7. the adjustment method of the spring arrangement angle in Mcpherson suspension according to claim 6, wherein the length of the spring is L, and the direction vector (Vx4, Vy4, Vz4) from the lower point of the spring to the lower swing arm coordinate is: (x2-x3, y2+ L sin (α + β) -y3, z2+ L cos (α + β) -z 3).

8. The Mcpherson suspension spring setting angle adjusting method according to claim 7, wherein the spring normalized torque (Vx2, Vy2, Vz2) is obtained from (Vx3, Vy3, Vz3) and (Vx4, Vy4, Vz 4): (Vy3 Vz4-Vz3 Vy4, Vx3 Vz4-Vz3 Vx4, Vx3 Vy4-Vy3 Vx 4).

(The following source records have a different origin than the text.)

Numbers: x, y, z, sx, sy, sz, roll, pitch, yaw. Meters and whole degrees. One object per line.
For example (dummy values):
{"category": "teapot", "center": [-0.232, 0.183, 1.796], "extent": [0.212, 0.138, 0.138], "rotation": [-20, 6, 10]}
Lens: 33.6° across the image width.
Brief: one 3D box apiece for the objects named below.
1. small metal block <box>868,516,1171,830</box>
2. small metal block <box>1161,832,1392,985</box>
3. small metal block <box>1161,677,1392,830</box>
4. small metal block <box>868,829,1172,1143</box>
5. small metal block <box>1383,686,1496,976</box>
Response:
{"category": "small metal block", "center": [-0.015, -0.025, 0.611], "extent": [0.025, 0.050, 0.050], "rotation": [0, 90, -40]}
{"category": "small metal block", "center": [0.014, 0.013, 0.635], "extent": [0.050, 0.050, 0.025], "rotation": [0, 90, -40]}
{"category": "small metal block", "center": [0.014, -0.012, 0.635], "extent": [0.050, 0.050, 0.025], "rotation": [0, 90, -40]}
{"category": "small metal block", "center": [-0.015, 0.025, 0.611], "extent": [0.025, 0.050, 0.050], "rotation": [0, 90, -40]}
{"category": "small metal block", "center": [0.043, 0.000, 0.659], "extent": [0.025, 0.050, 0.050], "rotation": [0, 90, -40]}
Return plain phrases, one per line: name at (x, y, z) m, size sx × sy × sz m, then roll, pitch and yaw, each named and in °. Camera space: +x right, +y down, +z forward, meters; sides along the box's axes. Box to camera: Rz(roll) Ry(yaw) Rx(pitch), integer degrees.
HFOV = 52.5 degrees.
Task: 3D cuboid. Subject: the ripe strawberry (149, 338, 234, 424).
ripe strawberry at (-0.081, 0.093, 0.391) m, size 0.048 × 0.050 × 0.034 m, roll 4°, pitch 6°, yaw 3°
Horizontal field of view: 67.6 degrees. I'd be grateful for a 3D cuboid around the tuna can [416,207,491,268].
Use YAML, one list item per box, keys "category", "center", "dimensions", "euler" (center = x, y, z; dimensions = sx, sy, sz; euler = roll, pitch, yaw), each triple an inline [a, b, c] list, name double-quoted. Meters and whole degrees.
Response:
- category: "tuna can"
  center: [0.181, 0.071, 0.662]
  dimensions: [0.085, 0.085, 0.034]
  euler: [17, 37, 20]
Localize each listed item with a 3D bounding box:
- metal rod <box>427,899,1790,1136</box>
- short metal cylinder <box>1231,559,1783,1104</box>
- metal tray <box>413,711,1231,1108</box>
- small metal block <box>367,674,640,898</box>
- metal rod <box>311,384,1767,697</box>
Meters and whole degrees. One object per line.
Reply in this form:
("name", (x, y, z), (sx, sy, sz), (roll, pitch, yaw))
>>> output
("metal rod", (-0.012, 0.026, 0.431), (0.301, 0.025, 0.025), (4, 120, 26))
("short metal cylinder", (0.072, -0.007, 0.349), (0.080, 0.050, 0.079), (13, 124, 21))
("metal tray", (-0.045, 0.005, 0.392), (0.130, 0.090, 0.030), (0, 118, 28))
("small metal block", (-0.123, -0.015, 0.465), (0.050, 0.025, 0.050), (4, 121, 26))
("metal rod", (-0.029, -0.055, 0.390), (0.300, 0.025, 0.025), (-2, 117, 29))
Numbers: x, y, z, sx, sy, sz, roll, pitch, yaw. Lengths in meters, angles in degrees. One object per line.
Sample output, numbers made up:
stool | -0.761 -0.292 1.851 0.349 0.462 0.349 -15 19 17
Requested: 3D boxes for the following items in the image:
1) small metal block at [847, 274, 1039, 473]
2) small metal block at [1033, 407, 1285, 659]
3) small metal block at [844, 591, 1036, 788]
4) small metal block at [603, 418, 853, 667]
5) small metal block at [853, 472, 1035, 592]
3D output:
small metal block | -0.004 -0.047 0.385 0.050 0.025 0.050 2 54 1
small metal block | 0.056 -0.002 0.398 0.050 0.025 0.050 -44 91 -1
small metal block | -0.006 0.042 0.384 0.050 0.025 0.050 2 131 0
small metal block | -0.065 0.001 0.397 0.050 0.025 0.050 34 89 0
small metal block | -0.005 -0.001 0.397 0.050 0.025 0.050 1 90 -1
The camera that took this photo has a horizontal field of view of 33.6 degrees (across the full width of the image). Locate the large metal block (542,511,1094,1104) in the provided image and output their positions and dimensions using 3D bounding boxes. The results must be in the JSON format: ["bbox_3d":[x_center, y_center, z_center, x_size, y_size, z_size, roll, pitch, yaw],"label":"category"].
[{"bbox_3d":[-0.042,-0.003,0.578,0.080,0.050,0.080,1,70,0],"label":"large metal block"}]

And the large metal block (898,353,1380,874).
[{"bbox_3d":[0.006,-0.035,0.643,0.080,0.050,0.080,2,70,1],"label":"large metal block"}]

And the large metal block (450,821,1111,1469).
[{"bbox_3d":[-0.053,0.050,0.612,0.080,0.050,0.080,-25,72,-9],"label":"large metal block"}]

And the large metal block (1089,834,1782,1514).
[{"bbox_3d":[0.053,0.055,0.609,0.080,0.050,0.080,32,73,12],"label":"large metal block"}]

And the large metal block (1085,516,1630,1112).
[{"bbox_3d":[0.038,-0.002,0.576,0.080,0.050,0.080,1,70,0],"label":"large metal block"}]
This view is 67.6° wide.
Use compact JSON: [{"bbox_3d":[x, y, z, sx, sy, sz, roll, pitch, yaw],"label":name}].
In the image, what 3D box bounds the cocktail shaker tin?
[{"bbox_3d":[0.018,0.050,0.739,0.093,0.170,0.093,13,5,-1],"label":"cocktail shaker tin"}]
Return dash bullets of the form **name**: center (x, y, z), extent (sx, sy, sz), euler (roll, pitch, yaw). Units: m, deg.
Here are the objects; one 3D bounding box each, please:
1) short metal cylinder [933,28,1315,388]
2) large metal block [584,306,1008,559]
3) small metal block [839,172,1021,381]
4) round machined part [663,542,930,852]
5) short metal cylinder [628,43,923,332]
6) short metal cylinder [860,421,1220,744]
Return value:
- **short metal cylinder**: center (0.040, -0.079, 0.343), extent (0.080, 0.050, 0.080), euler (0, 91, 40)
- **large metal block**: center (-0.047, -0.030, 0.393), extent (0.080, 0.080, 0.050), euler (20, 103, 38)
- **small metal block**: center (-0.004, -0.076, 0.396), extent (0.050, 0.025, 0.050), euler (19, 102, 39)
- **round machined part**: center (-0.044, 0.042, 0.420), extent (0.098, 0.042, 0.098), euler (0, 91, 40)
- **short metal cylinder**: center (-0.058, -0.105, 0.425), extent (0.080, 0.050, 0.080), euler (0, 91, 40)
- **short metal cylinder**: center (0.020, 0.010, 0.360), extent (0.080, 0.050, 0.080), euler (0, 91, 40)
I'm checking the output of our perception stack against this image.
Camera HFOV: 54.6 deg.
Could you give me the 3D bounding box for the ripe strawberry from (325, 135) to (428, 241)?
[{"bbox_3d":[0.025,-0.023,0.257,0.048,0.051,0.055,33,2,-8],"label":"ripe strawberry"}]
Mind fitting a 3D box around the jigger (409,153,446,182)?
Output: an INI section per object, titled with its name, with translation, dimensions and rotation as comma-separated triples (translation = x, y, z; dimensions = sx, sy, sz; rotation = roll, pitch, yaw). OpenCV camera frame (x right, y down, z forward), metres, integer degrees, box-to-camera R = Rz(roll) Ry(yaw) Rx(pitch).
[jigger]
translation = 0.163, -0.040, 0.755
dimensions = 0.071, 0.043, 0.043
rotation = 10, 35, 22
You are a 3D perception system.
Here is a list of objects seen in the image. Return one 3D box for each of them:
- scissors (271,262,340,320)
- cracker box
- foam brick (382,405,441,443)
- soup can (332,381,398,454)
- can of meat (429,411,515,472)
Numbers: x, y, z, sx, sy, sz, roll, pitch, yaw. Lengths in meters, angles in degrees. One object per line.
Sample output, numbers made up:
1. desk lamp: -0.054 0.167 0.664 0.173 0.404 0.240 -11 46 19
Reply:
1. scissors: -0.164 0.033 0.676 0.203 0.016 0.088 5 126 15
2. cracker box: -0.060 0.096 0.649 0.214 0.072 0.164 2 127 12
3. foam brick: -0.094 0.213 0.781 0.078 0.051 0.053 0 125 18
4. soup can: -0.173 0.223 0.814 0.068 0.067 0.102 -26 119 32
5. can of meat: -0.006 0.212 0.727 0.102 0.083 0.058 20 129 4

9. The Mcpherson suspension spring arrangement angle adjusting method according to claim 8, wherein the mathematical model is (Vx1+ Vx2, Vy1+ Vy2, Vz1+ Vz2) after the tire normalized torque and the spring normalized torque are superimposed.

10. The method for adjusting the angle of arrangement of the springs in the McPherson suspension according to claim 9, wherein the lateral compensation moment of the springs on the shock absorber is larger when Vx1+ Vx2 is smaller.